Records for the exercise >>
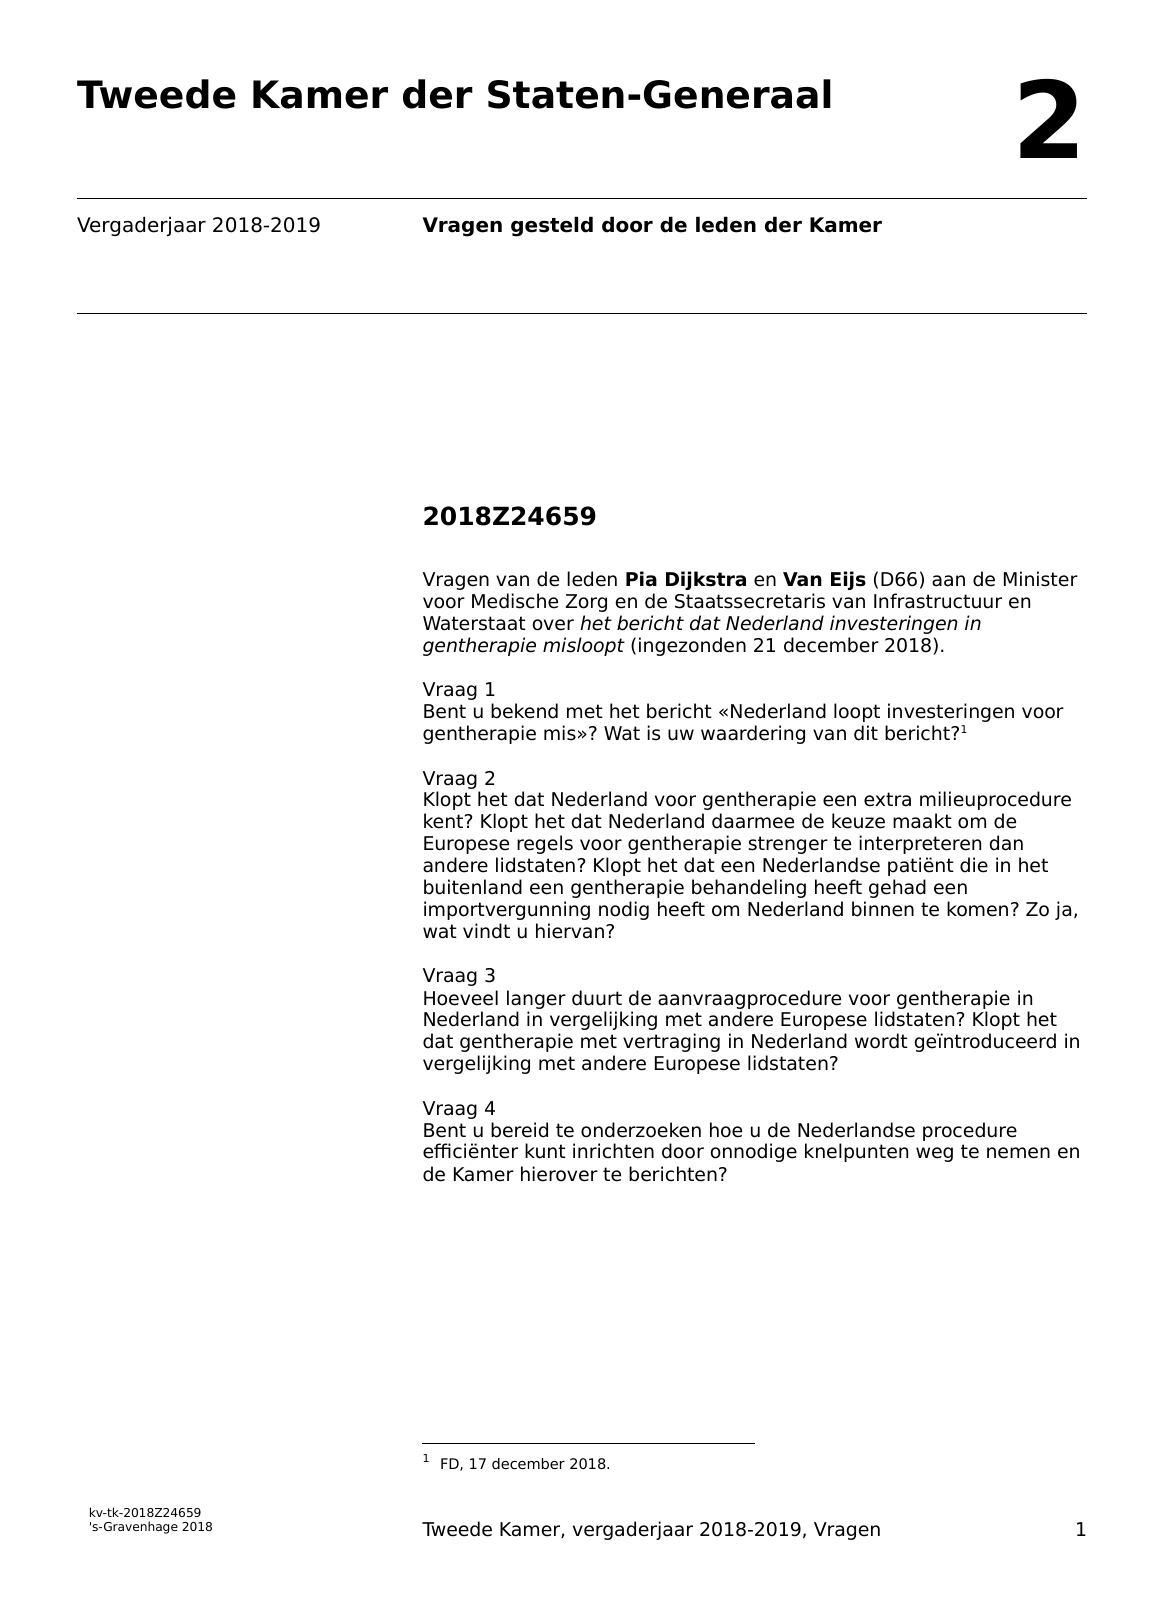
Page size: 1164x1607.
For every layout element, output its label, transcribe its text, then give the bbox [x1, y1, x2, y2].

text Bent u bereid te onderzoeken hoe u de Nederlandse procedure efficiënter kunt inrichten door onnodige knelpunten weg te nemen en de Kamer hierover te berichten? [422, 1119, 1087, 1185]
table_header Tweede Kamer der Staten-Generaal [77, 59, 886, 198]
text 's-Gravenhage 2018 [88, 1520, 323, 1534]
text Hoeveel langer duurt de aanvraagprocedure voor gentherapie in Nederland in vergelijking met andere Europese lidstaten? Klopt het dat gentherapie met vertraging in Nederland wordt geïntroduceerd in vergelijking met andere Europese lidstaten? [422, 987, 1087, 1075]
text FD, 17 december 2018. [422, 1452, 1087, 1474]
text Vraag 3 [422, 965, 1087, 987]
text Klopt het dat Nederland voor gentherapie een extra milieuprocedure kent? Klopt het dat Nederland daarmee de keuze maakt om de Europese regels voor gentherapie strenger te interpreteren dan andere lidstaten? Klopt het dat een Nederlandse patiënt die in het buitenland een gentherapie behandeling heeft gehad een importvergunning nodig heeft om Nederland binnen te komen? Zo ja, wat vindt u hiervan? [422, 789, 1087, 943]
text Bent u bekend met het bericht «Nederland loopt investeringen voor gentherapie mis»? Wat is uw waardering van dit bericht? [422, 701, 1087, 745]
text 2018Z24659 [422, 502, 1087, 531]
text Vragen van de leden Pia Dijkstra en Van Eijs (D66) aan de Minister voor Medische Zorg en de Staatssecretaris van Infrastructuur en Waterstaat over het bericht dat Nederland investeringen in gentherapie misloopt (ingezonden 21 december 2018). [422, 569, 1087, 657]
table_cell Vragen gesteld door de leden der Kamer [422, 199, 1087, 313]
text kv-tk-2018Z24659 [88, 1506, 323, 1520]
text Vraag 4 [422, 1097, 1087, 1119]
text Vraag 2 [422, 767, 1087, 789]
table_header 2 [886, 59, 1087, 198]
text Vraag 1 [422, 679, 1087, 701]
table_cell Vergaderjaar 2018-2019 [77, 199, 422, 313]
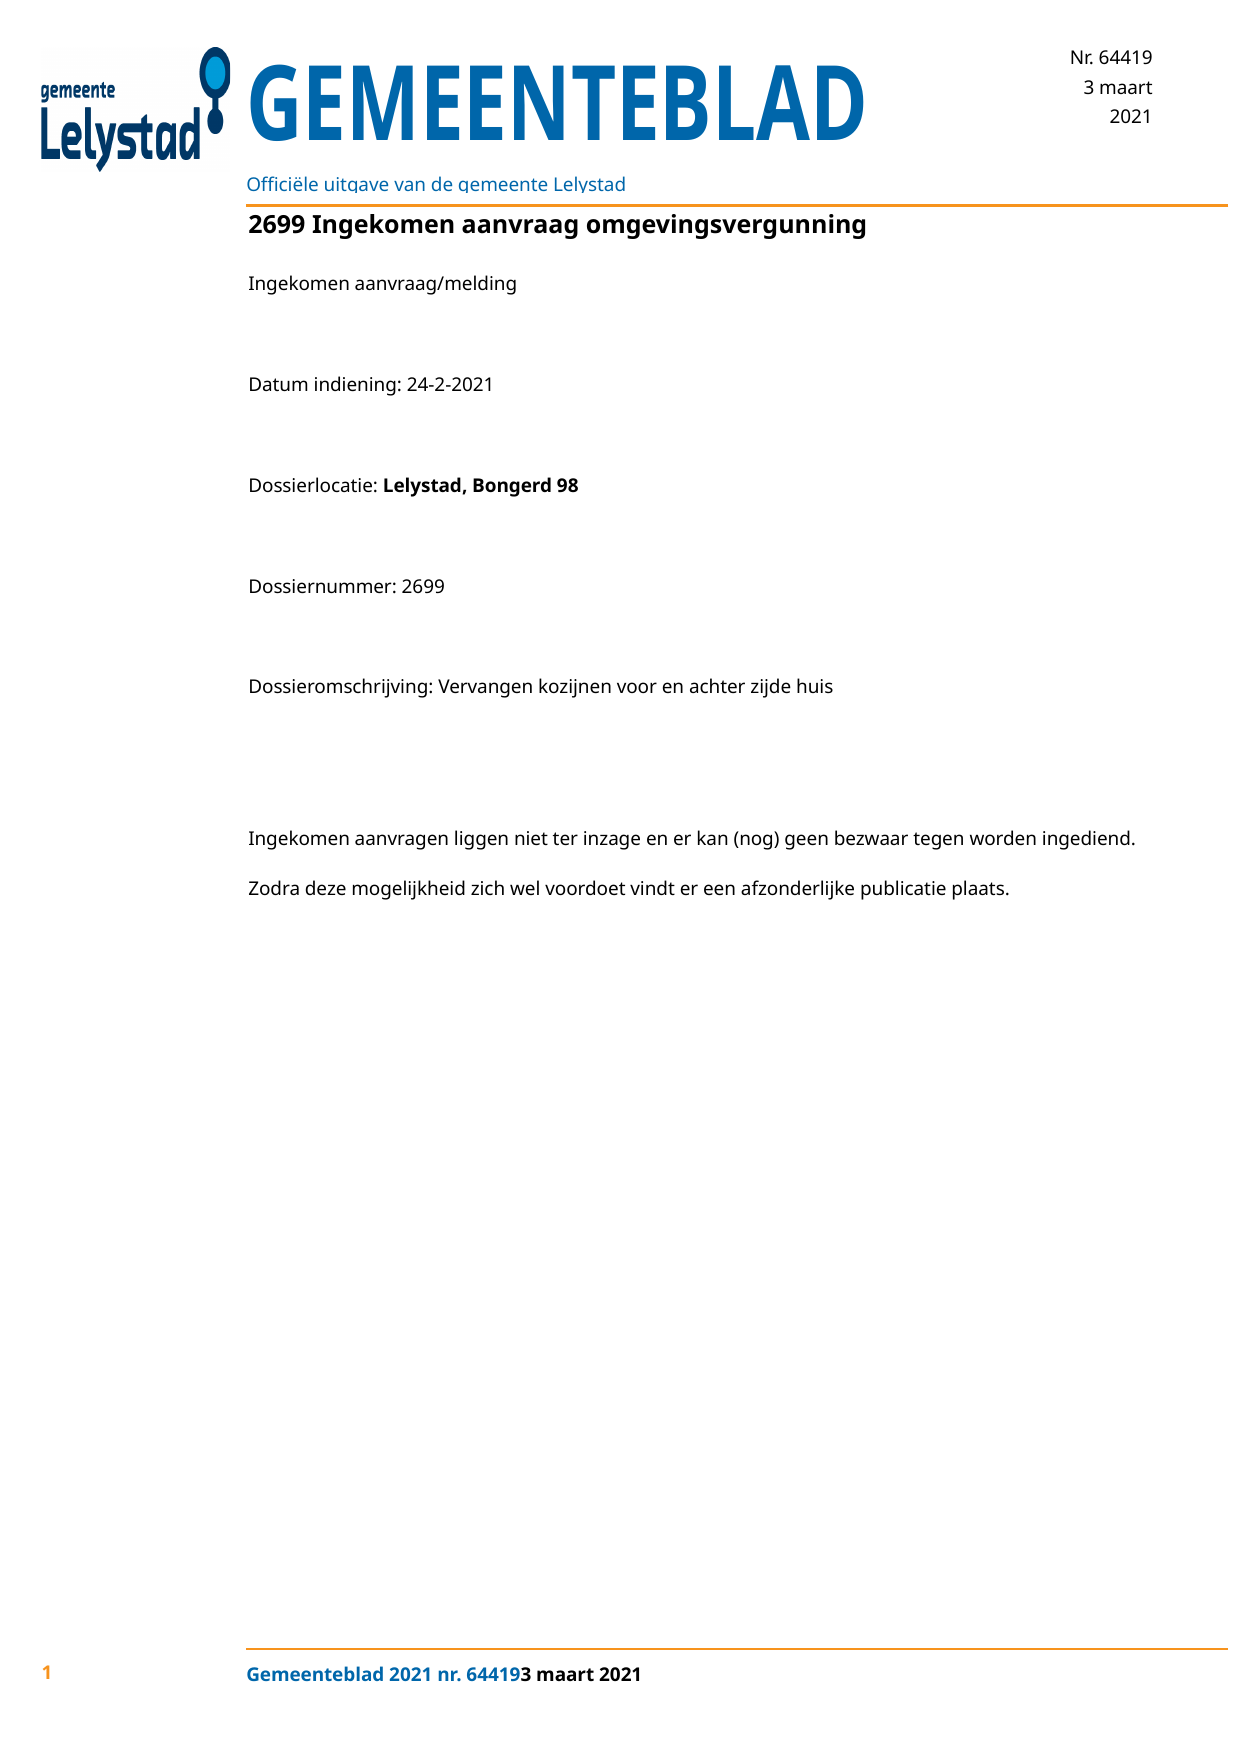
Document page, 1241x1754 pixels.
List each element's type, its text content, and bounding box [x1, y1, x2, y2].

text Dossierlocatie: Lelystad, Bongerd 98 [248, 472, 1152, 498]
text 2699 Ingekomen aanvraag omgevingsvergunning [248, 207, 1152, 241]
text Datum indiening: 24-2-2021 [248, 371, 1152, 397]
text Ingekomen aanvragen liggen niet ter inzage en er kan (nog) geen bezwaar tegen worden ingediend. [248, 825, 1152, 851]
text Dossieromschrijving: Vervangen kozijnen voor en achter zijde huis [248, 674, 1152, 699]
picture [41, 47, 231, 172]
text Dossiernummer: 2699 [248, 573, 1152, 598]
text Ingekomen aanvraag/melding [248, 270, 1152, 296]
text Zodra deze mogelijkheid zich wel voordoet vindt er een afzonderlijke publicatie plaats. [248, 875, 1152, 901]

Problem to solve >> After locating the line holding "text FD, 17" above, output exactly that line and every line after it through the line holding "text 2018Z24659 [422, 502, 1087, 531]". Include nothing else.

Exercise answer >>
text FD, 17 december 2018. [422, 1452, 1087, 1474]
text Vraag 3 [422, 965, 1087, 987]
text Klopt het dat Nederland voor gentherapie een extra milieuprocedure kent? Klopt het dat Nederland daarmee de keuze maakt om de Europese regels voor gentherapie strenger te interpreteren dan andere lidstaten? Klopt het dat een Nederlandse patiënt die in het buitenland een gentherapie behandeling heeft gehad een importvergunning nodig heeft om Nederland binnen te komen? Zo ja, wat vindt u hiervan? [422, 789, 1087, 943]
text Bent u bekend met het bericht «Nederland loopt investeringen voor gentherapie mis»? Wat is uw waardering van dit bericht? [422, 701, 1087, 745]
text 2018Z24659 [422, 502, 1087, 531]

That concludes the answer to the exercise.